One can move between different d by multiplying the whole equation by k⁶, and getting the new coordinates with the new d (the usual isomorphism):

y² = x³ + d
k⁶*y² = k⁶*x³ + k⁶*d
(k³*y)² = (k²*x)³ + k⁶*d


Trying to move between these six groups doesn't work - either k³ and/or k² are outside the usual group of numbers mod p.

If one thinks a bit it is obvious. Groups have different number of points, so - when trying to map - every point from one group corresponds to all the points in another.

So, only thing needing in order to jump to an isomorphic equation is taking sixth root of some number a (mod p).

a^p = a
a^p+1 = a²
a^(p+1)/4 = a^1/2

a^p+2 = a³
a^(p+2)/9 = a^1/3

(a^(p+1)/4)^(p+2)/9 = a^1/6 = k

One should then check if this root exists, i.e. if k⁶=a

I'm here again. I noticed a group of people still determined to somehow break Bitcoin wallets using this attack, especially the one implemented by
https://github.com/KrashKrash/Twist-Attack-Sub-Group-Attack

 First, how would this attack work?
 Partial Private Key Collection: 
- Calculate small subgroups of each twist curve and attempt to compute the discrete logarithm within these subgroups to obtain partial private keys. 

  Coprime Verification:
- After collecting all partial private keys, verify if the subgroup orders are pairwise coprime, which is a requirement for applying the CRT (Chinese Remainder Theorem). 

  Combining Partial Keys Using CRT:
- If the subgroup orders are pairwise coprime, calculate the combined modulus by multiplying all subgroup orders. 
- Use CRT to combine the partial private keys modulo their respective subgroup orders to obtain the private key modulo the combined modulus. 
- If the combined modulus is greater than the order n of the secp256k1 curve, the private key modulo n can be recovered. 

 Alright, but in practice, this doesn't work.
Why?

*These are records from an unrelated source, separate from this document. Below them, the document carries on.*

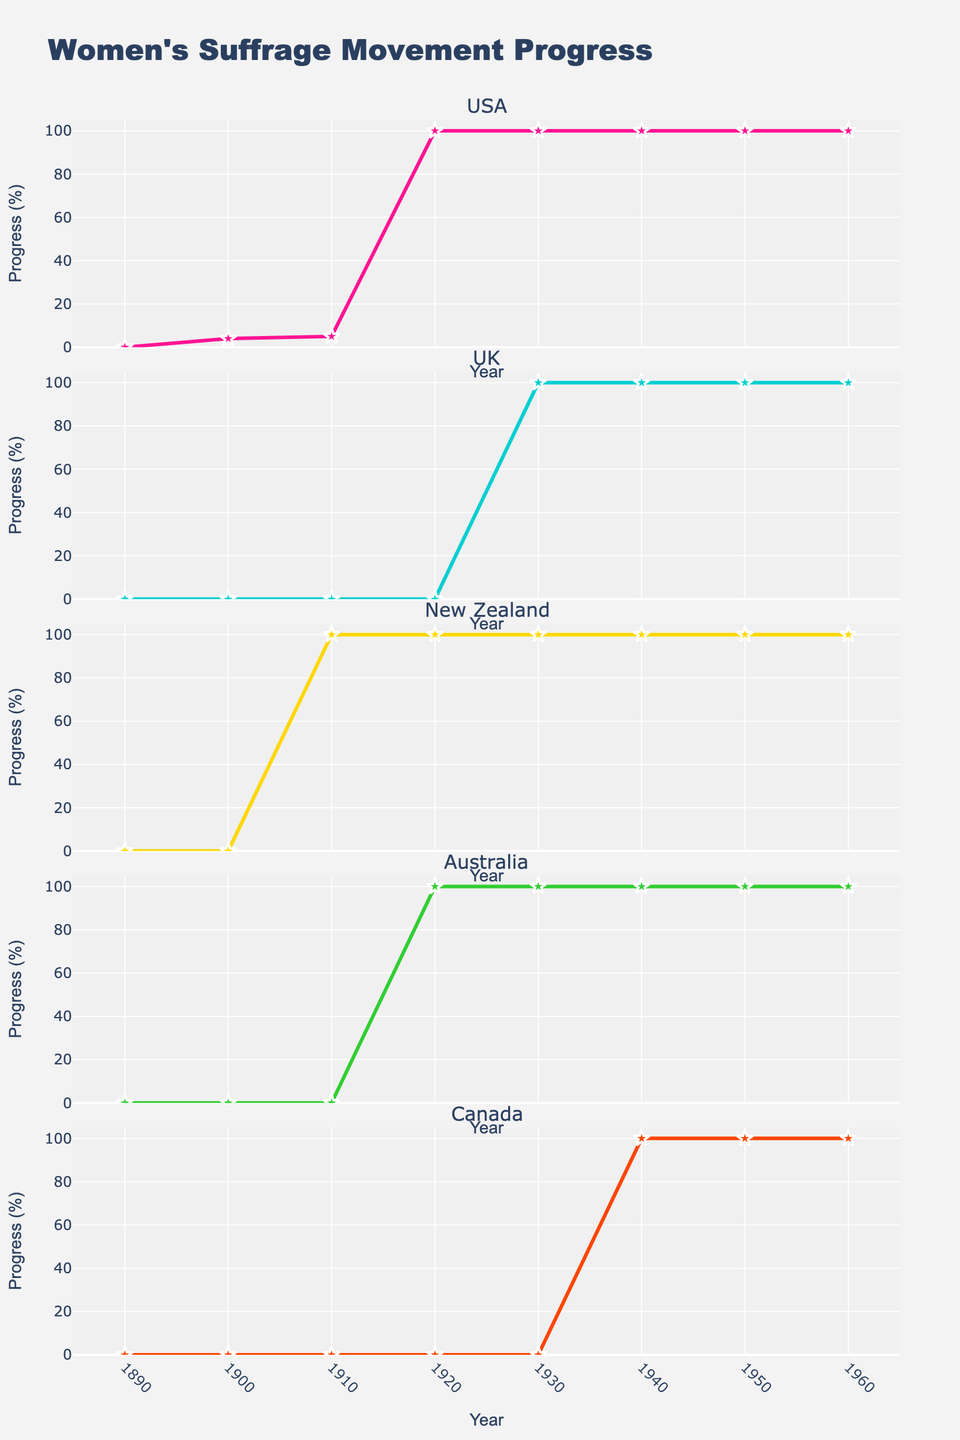What's the title of the figure? The title is located at the top center of the figure and indicates the main topic or focus of the plot.
Answer: Memory Consumption Trends for i3 WM Add-ons What is the memory usage of polybar in 2023? To find this, locate the year 2023 on the x-axis and follow the corresponding line for polybar in the vertical subplot designated for it.
Answer: 40 MB Which add-on shows the highest rise in memory consumption from 2018 to 2023? To determine this, calculate the memory consumption difference for each add-on between 2018 and 2023, then identify the add-on with the largest increase.
Answer: Polybar How does the memory usage of i3blocks compare to py3status in 2021? To answer this, locate the 2021 data points for both i3blocks and py3status and compare their memory usage values.
Answer: i3blocks: 20 MB, py3status: 23 MB Which add-on had the smallest increase in memory usage over the given period? Examine the changes in memory consumption values from 2018 to 2023 for all add-ons, then determine the add-on with the smallest change.
Answer: i3status Is there any add-on whose memory consumption has increased by more than 7 MB each year? Check the annual increase for each add-on from year to year to see if any add-on consistently exceeds an increase of 7 MB per year.
Answer: No What is the range of memory consumption for i3pystatus across all years? Identify the minimum and maximum memory usage values for i3pystatus from 2018 to 2023 and find the difference between them.
Answer: 10 MB (20 MB in 2018 and 30 MB in 2023) What's the average memory usage of all add-ons in 2020? Find the memory usage values for all add-ons in 2020, sum them up, and divide by the number of add-ons (5). Calculate (18+14+32+21+24)/5.
Answer: 21.8 MB

Because the combined modulus is, in most cases (if not all), much smaller than n, making recovery impossible. 

  Second point:
The cofactors of the secp256k1 curve are 1. This means there are no small-order subgroups within the curve that could be exploited. Additionally, the twist of secp256k1 also has a large prime order, similar to the original curve. 

  Third point:
Bitcoin implementations, such as the "libsecp256k1" library, perform checks to ensure that the points used are indeed on the curve. This prevents you from, for example, using points belonging to the twist or off-curve points to try and extract private key information. 

  In summary, these characteristics make the attack unfeasible.


If I made any mistakes in my explanation or spelling (English is not my native language), feel free to correct me.